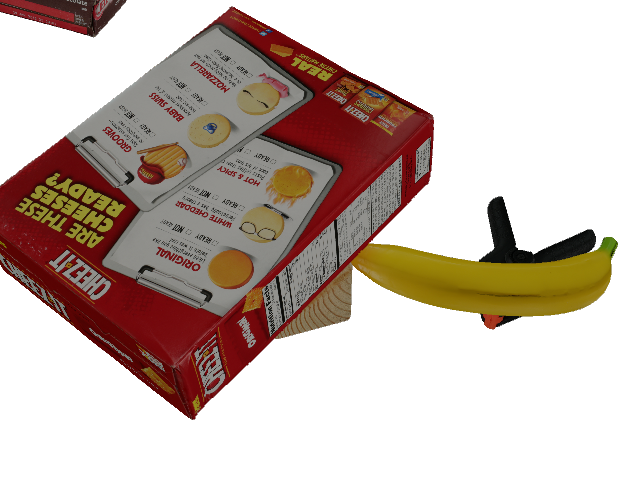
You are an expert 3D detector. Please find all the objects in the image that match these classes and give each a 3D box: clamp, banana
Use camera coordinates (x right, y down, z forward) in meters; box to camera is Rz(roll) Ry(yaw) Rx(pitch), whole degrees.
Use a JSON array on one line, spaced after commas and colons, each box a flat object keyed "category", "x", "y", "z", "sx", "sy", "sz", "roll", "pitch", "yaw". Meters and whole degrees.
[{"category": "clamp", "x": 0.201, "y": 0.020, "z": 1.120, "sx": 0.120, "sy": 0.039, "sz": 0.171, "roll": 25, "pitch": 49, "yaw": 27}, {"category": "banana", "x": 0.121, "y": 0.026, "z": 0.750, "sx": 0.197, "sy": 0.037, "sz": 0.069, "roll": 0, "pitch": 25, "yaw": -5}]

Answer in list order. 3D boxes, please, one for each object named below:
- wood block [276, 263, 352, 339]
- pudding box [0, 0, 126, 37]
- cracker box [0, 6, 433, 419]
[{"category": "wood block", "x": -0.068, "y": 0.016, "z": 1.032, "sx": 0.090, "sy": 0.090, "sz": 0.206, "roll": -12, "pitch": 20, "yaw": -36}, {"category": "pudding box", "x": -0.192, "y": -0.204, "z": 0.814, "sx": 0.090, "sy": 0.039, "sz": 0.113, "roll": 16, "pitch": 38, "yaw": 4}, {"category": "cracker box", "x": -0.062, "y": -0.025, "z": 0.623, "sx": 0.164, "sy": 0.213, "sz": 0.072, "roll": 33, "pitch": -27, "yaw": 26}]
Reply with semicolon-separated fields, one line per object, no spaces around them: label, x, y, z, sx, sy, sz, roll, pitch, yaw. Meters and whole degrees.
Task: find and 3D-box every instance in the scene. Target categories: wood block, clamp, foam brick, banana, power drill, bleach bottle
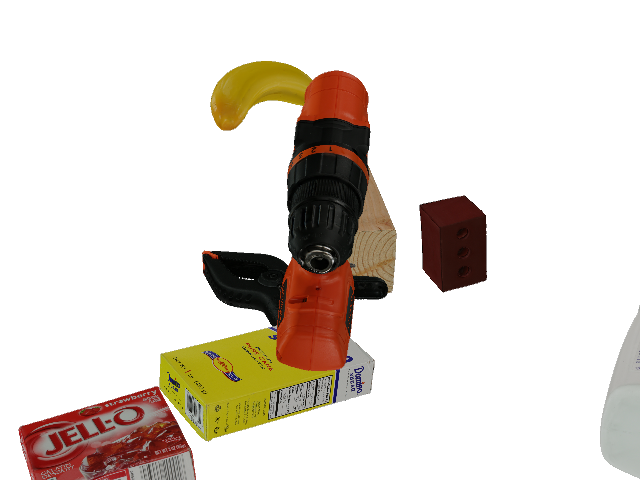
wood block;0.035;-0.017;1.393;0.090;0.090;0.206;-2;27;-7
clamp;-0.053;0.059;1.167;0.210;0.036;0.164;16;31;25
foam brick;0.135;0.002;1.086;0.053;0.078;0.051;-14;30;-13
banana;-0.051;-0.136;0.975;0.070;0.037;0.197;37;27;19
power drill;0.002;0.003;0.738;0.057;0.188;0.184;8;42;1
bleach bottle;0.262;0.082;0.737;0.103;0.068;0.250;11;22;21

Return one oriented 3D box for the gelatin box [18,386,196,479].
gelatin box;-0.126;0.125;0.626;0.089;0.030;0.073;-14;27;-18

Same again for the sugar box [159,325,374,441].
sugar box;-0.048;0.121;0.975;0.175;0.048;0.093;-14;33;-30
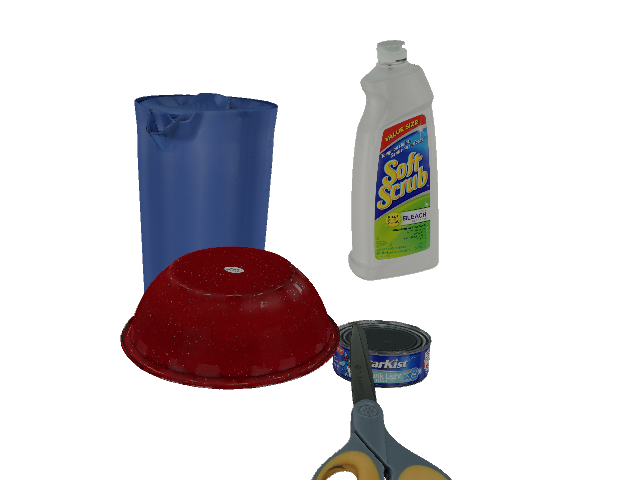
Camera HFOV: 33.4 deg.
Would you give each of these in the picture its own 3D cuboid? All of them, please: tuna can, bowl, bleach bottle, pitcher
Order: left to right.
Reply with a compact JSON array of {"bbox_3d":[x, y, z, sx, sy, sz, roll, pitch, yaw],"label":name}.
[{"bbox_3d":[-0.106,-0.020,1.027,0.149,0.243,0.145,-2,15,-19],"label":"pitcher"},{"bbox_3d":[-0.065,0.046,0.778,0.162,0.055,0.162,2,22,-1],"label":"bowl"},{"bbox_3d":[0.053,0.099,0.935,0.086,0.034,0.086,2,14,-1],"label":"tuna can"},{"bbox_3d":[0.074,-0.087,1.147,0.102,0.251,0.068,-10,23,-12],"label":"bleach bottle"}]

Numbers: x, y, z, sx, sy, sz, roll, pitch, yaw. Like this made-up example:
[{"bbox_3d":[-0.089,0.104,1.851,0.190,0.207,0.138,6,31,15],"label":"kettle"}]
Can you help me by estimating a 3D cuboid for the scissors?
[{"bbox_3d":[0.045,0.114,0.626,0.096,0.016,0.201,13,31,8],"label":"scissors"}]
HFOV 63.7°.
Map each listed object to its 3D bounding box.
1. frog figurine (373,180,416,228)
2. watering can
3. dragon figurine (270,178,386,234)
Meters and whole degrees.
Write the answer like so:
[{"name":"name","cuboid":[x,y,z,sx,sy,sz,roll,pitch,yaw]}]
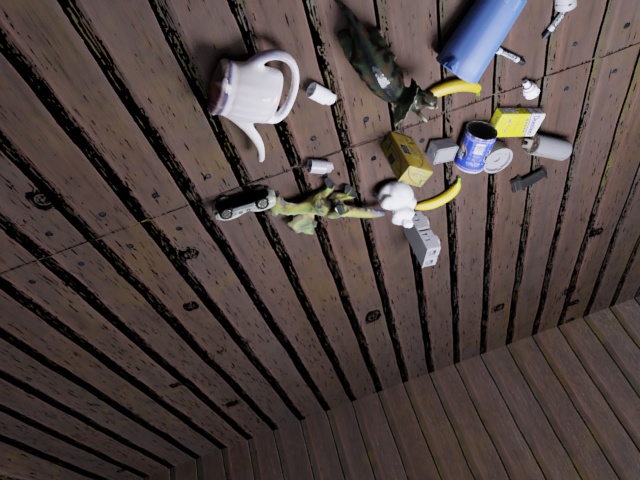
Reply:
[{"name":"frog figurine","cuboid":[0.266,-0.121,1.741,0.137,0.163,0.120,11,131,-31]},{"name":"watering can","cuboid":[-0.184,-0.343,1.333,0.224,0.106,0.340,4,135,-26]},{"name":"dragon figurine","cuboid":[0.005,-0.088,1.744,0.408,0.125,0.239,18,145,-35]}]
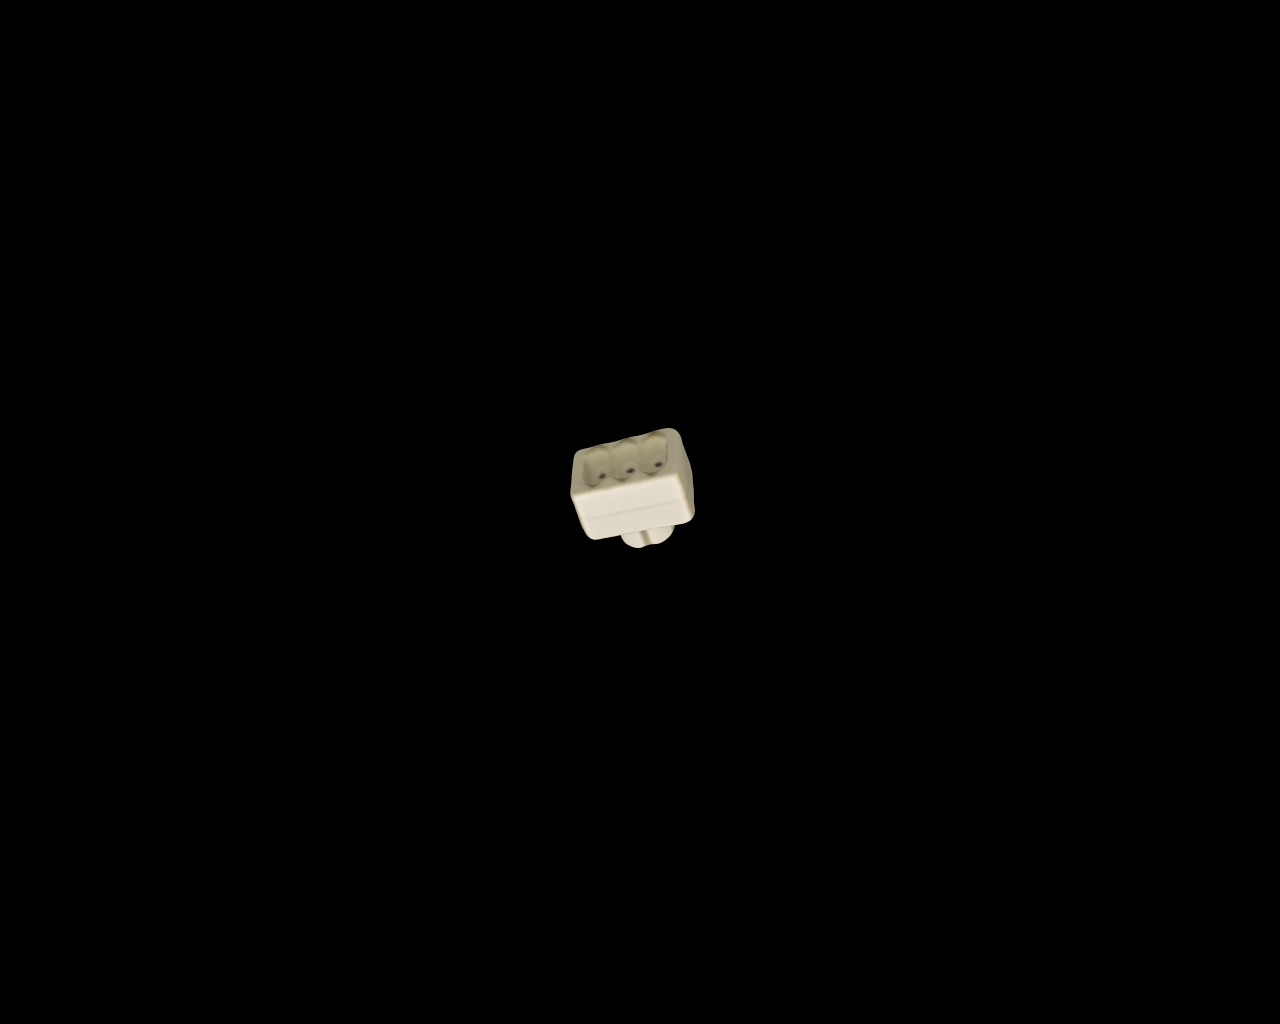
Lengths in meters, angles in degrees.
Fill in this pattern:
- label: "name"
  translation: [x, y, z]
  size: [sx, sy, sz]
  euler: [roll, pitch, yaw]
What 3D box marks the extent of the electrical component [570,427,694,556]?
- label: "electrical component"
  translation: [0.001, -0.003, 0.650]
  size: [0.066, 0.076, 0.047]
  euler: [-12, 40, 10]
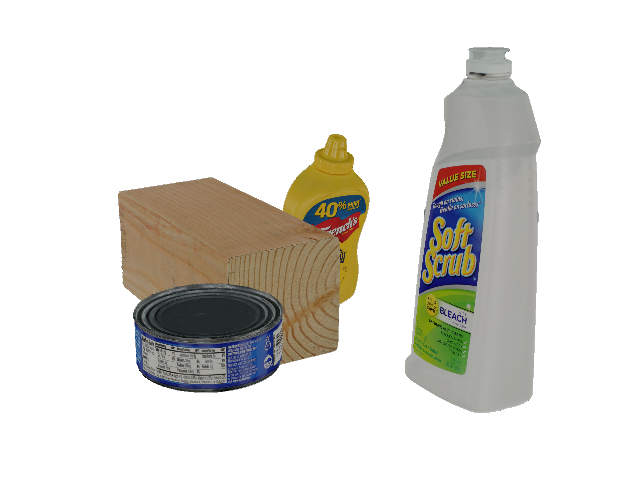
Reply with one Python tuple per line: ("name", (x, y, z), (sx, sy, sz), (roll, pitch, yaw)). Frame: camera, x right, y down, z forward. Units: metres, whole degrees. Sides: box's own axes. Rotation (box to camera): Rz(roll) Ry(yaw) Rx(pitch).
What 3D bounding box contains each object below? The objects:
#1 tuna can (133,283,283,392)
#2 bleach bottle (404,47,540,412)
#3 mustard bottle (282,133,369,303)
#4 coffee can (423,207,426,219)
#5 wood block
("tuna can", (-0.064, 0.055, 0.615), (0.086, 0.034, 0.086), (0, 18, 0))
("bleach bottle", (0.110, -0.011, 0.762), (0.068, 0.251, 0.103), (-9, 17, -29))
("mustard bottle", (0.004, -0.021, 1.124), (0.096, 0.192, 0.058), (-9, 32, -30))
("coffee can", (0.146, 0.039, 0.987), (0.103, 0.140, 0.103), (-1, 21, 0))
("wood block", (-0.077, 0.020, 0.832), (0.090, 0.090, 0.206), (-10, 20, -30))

+++

▸ **About this exercise**: Leave the pictures out and print the records above exactly as they stand.

▸ **Task solution**:
You are an expert 3D detector. Please find all the objects in the image that match these classes and give each a 3D box: clamp, banana
Use camera coordinates (x right, y down, z forward) in meters; box to camera is Rz(roll) Ry(yaw) Rx(pitch), whole degrees.
Use a JSON array on one line, spaced after commas and colons, each box a flat object keyed "category", "x", "y", "z", "sx", "sy", "sz", "roll", "pitch", "yaw". Meters and whole degrees.
[{"category": "clamp", "x": 0.201, "y": 0.020, "z": 1.120, "sx": 0.120, "sy": 0.039, "sz": 0.171, "roll": 25, "pitch": 49, "yaw": 27}, {"category": "banana", "x": 0.121, "y": 0.026, "z": 0.750, "sx": 0.197, "sy": 0.037, "sz": 0.069, "roll": 0, "pitch": 25, "yaw": -5}]

Answer in list order. 3D boxes, please, one for each object named below:
- wood block [276, 263, 352, 339]
- pudding box [0, 0, 126, 37]
- cracker box [0, 6, 433, 419]
[{"category": "wood block", "x": -0.068, "y": 0.016, "z": 1.032, "sx": 0.090, "sy": 0.090, "sz": 0.206, "roll": -12, "pitch": 20, "yaw": -36}, {"category": "pudding box", "x": -0.192, "y": -0.204, "z": 0.814, "sx": 0.090, "sy": 0.039, "sz": 0.113, "roll": 16, "pitch": 38, "yaw": 4}, {"category": "cracker box", "x": -0.062, "y": -0.025, "z": 0.623, "sx": 0.164, "sy": 0.213, "sz": 0.072, "roll": 33, "pitch": -27, "yaw": 26}]
Reply with semicolon-separated fields, one line per object, no spaces around them: label, x, y, z, sx, sy, sz, roll, pitch, yaw. Meters and whole degrees.
Task: find and 3D-box every instance in the scene. Target categories: wood block, clamp, foam brick, banana, power drill, bleach bottle
wood block;0.035;-0.017;1.393;0.090;0.090;0.206;-2;27;-7
clamp;-0.053;0.059;1.167;0.210;0.036;0.164;16;31;25
foam brick;0.135;0.002;1.086;0.053;0.078;0.051;-14;30;-13
banana;-0.051;-0.136;0.975;0.070;0.037;0.197;37;27;19
power drill;0.002;0.003;0.738;0.057;0.188;0.184;8;42;1
bleach bottle;0.262;0.082;0.737;0.103;0.068;0.250;11;22;21

Return one oriented 3D box for the gelatin box [18,386,196,479].
gelatin box;-0.126;0.125;0.626;0.089;0.030;0.073;-14;27;-18

Same again for the sugar box [159,325,374,441].
sugar box;-0.048;0.121;0.975;0.175;0.048;0.093;-14;33;-30
Camera HFOV: 33.4 deg.
Would you give each of these in the picture its own 3D cuboid? All of them, please: tuna can, bowl, bleach bottle, pitcher
Order: left to right.
Reply with a compact JSON array of {"bbox_3d":[x, y, z, sx, sy, sz, roll, pitch, yaw],"label":name}.
[{"bbox_3d":[-0.106,-0.020,1.027,0.149,0.243,0.145,-2,15,-19],"label":"pitcher"},{"bbox_3d":[-0.065,0.046,0.778,0.162,0.055,0.162,2,22,-1],"label":"bowl"},{"bbox_3d":[0.053,0.099,0.935,0.086,0.034,0.086,2,14,-1],"label":"tuna can"},{"bbox_3d":[0.074,-0.087,1.147,0.102,0.251,0.068,-10,23,-12],"label":"bleach bottle"}]

Numbers: x, y, z, sx, sy, sz, roll, pitch, yaw. Like this made-up example:
[{"bbox_3d":[-0.089,0.104,1.851,0.190,0.207,0.138,6,31,15],"label":"kettle"}]
Can you help me by estimating a 3D cuboid for the scissors?
[{"bbox_3d":[0.045,0.114,0.626,0.096,0.016,0.201,13,31,8],"label":"scissors"}]
HFOV 63.7°.
Map each listed object to its 3D bounding box.
1. frog figurine (373,180,416,228)
2. watering can
3. dragon figurine (270,178,386,234)
Meters and whole degrees.
Write the answer like so:
[{"name":"name","cuboid":[x,y,z,sx,sy,sz,roll,pitch,yaw]}]
Reply:
[{"name":"frog figurine","cuboid":[0.266,-0.121,1.741,0.137,0.163,0.120,11,131,-31]},{"name":"watering can","cuboid":[-0.184,-0.343,1.333,0.224,0.106,0.340,4,135,-26]},{"name":"dragon figurine","cuboid":[0.005,-0.088,1.744,0.408,0.125,0.239,18,145,-35]}]
Lengths in meters, angles in degrees.
Fill in this pattern:
- label: "name"
  translation: [x, y, z]
  size: [sx, sy, sz]
  euler: [roll, pitch, yaw]
What 3D box marks the extent of the electrical component [570,427,694,556]?
- label: "electrical component"
  translation: [0.001, -0.003, 0.650]
  size: [0.066, 0.076, 0.047]
  euler: [-12, 40, 10]
Reply with one Python tuple per line: ("name", (x, y, z), (sx, sy, sz), (roll, pitch, yaw)). Frame: camera, x right, y down, z forward. Units: metres, whole degrees. Sides: box's own axes. Rotation (box to camera): Rz(roll) Ry(yaw) Rx(pitch).
What 3D bounding box contains each object below? The objects:
#1 tuna can (133,283,283,392)
#2 bleach bottle (404,47,540,412)
#3 mustard bottle (282,133,369,303)
#4 coffee can (423,207,426,219)
#5 wood block
("tuna can", (-0.064, 0.055, 0.615), (0.086, 0.034, 0.086), (0, 18, 0))
("bleach bottle", (0.110, -0.011, 0.762), (0.068, 0.251, 0.103), (-9, 17, -29))
("mustard bottle", (0.004, -0.021, 1.124), (0.096, 0.192, 0.058), (-9, 32, -30))
("coffee can", (0.146, 0.039, 0.987), (0.103, 0.140, 0.103), (-1, 21, 0))
("wood block", (-0.077, 0.020, 0.832), (0.090, 0.090, 0.206), (-10, 20, -30))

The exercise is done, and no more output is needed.